Após o homem sair do campo de visão do cão, ele simplesmente parou de latir, se virou para Samuel e voltou na direção dele. Lucky estava com a face abaixada sentindo a dor de ter se chocado contra o painel do carro.

- Me desculpe Lucky, foi só você ficar comigo por um tempo e você já se machucou. - Sam pegou o cão pela coleira e passou a mão nas costas dele para ver se havia alguma costela quebrada. - Eu sou um péssimo dono.

- Ah, que frio! - Exclamou Ronaldo adentrando o carro. - Como eu disse esse mundo está de ponta cabeça. - Ele deu partida no carro e acelerou.

- O que diabos aconteceu lá fora Ron? - Samuel não sentiu nenhuma fratura no cão, o que o deixou mais aliviado.

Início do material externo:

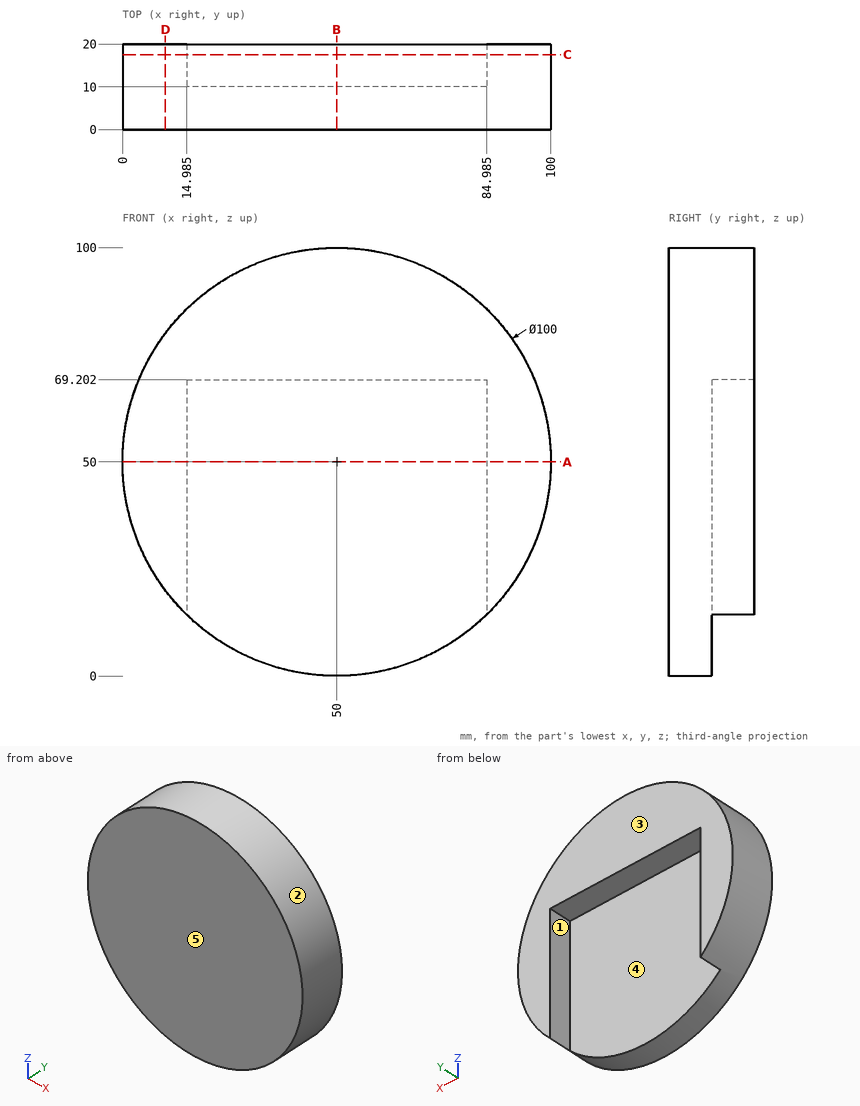
Verification items for this drawing (mm, ordinates from the low corner). A direction names the side the tool comes from. Round coordinates to 2 decimals unless told otherwise and drop trailing zeros. Loops run counter-clockwise (first coordinate to the right, second up) from the corner with the lowest first, then second, coordinate; pieces in that order, holes last. Notation, with made-up numbers: (82.25, 8) -> (98.25, 8) arc R10 ccw to (98.25, 16) -> close; hole circle Ø10 at (40.5, 83.25). An arc over 180 degrees is marked (long way). Write item = value, one per line. Start each with the question number.
1) Thickness scan on probe 1 along Y at (x, z) = (71, 34); probe 2 along X at (y, z) = (12.25, 17.5) (1 decimal); probe 3 along X at (y, z) = (5.75, 47.5). Record the ranges inside material, lowest first.
2) Sectioned sample at A-A, the plane z = 50. Record the cut outline in (x, y) (1 decimal), plus the area to 3 significant figures.
3) Gauge pin test, flat ends, axial feed: pin 1 Ø3 at (y, z) = (15, 45.5) entering from +X; pin 2 Ø8 at (y, z) = (14, 41.5) entering from -X; pin 3 Ø4 at (x, y) = (11, 15) entering from +Z. Record the tip position at first contact, or that the pin passes through.
4) Set-up check for the marked faces 4 and 5: record each of +Z, -Z, +X, -X, +Y, -Y from which the full face is reachable in a straight line by a thin tool's end or side.
5) Sectioned sample at D-D, the plane x = 10. Record the cut outline in (y, z).
6) Sectioned sample at C-C, the plane y = 17.5. Record the cut outline in (x, z) (1 decimal), plus the area to 3 significant figures.
7) Sectioned sample at B-B, the plane x = 50. Record the cut outline in (y, z), plus the area to 3 significant figures.
8) Release check for a two-part mould opening along X. For the marked faces 1, 2 and 3 record: released by +X, released by -X, zero draft, split by the parting line, or undercut.
Results are:
q1.probe_1 = 0 to 10
q1.probe_2 = 12 to 15, 85 to 88
q1.probe_3 = 0.06 to 99.94
q2.outline = (0, 0) -> (100, 0) -> (100, 20) -> (85, 20) -> (85, 10) -> (15, 10) -> (15, 20) -> (0, 20) -> close
q2.area = 1,300 mm^2
q3.pin_1 = 99.91
q3.pin_2 = 0.2
q3.pin_3 = 83.63
q4.face_4 = -Z, +Y
q4.face_5 = +Z, -Z, +X, -X, -Y
q5.outline = (0, 20) -> (20, 20) -> (20, 80) -> (0, 80) -> close
q6.outline = (15, 14.3) -> (15, 69.2) -> (85, 69.2) -> (85, 14.3) arc R50 ccw (long way) to start
q6.area = 3,320 mm^2
q7.outline = (0, 0) -> (10, 0) -> (10, 69.2) -> (20, 69.2) -> (20, 100) -> (0, 100) -> close
q7.area = 1,310 mm^2
q8.face_1 = undercut
q8.face_2 = split by the parting line
q8.face_3 = zero draft

- Eu não faço a menor ideia, aquele cara parecia estar drogado ou qualquer merda assim, deve ser a maldita droga nova que apareceu nas ruas. - Ronaldo deu seta para a direita e entrou no estacionamento do Mercado. - Só sei que eu com certeza vou pegar um resfriado.

- Bem, eu acho que está aí a próxima investigação que você deve fazer pro jornal, você não acha?

- Eu meio que já estou no encalço disso, fora também o surto de suicídios na parte baixa da cidade. - Ron terminou de estacionar e desligou o carro. - Obviamente você não deve estar sabendo disso, até porque na televisão casos de suicídios não são noticiados comumente para não gerar repercussão.

- Não precisa explicar Ron, eu também trabalho lá.

- Foi mal, é que faz tanto tempo que eu não te vejo por lá, que até me esqueci que você já botou o pé naquele lugar. - Ron encostou a cabeça no volante e se manteve em silencio por um tempo. - E o Lucky, como ele está?

- Pelo visto ele está bem, não parece ter quebrado nada.

- Sua definição de bem - Ron fez aspas com as mãos. - É muito dúbia.

- Enfim - Suspirou Nara. - Você fica no carro com ele ou eu fico?

- Nenhum nem outro. - Respondeu de bate pronto Ronaldo já abrindo a porta do carro.

- Não sei se você sabe, mas eles não permitem animais em mercados Ron.

- Anda logo Sam, até parece que você nunca quebrou uma regra ou outra. - Ron estendeu a mão para sentir a chuva, porém ela já havia acabado. - E não precisa se preocupar com o cabelo a chuva já passou.

- Vai se ferrar Ron. - Samuel desceu do carro trazendo Lucky pela coleira que surpreendentemente nem ao menos mancou ao tocar o chão.

Os três foram caminhando em direção a entrada do mercado aonde uma ou duas famílias saiam com suas compras noturnas, Sam olhou para uma menina que estava maravilhada com Lucky.

- Oi tio - Disse a criança olhando para Nara com a mais doce voz que poderia viver dentro de um ser humano. - Ele morde?

Samuel se agachou na altura da garota e disse:

- Apenas se você for malvada - Samuel estampou um sorriso completo no rosto. - Você não é malvada, é?

A menina balançou a cabeça negativamente mordendo o lábio inferior.

- Ótimo - Esbravejou Sam. - Então se você quiser, você pode fazer carinho nele.

- Eba! - Ela pulou de alegria e começou a afagar Lucky que retribuiu o carinho com um abanar de sua cauda.

- Bem, eu acho que eu mudei de ideia - Ronaldo disse colocando a mão no ombro direito de Samuel. - Acho que o mundo não está completamente perdido.

- Obrigado Tio. - Disse a criança antes de voltar correndo para os seus pais.

- Também acho - Concordou Sam ficando de pé. - Nem tudo está perdido.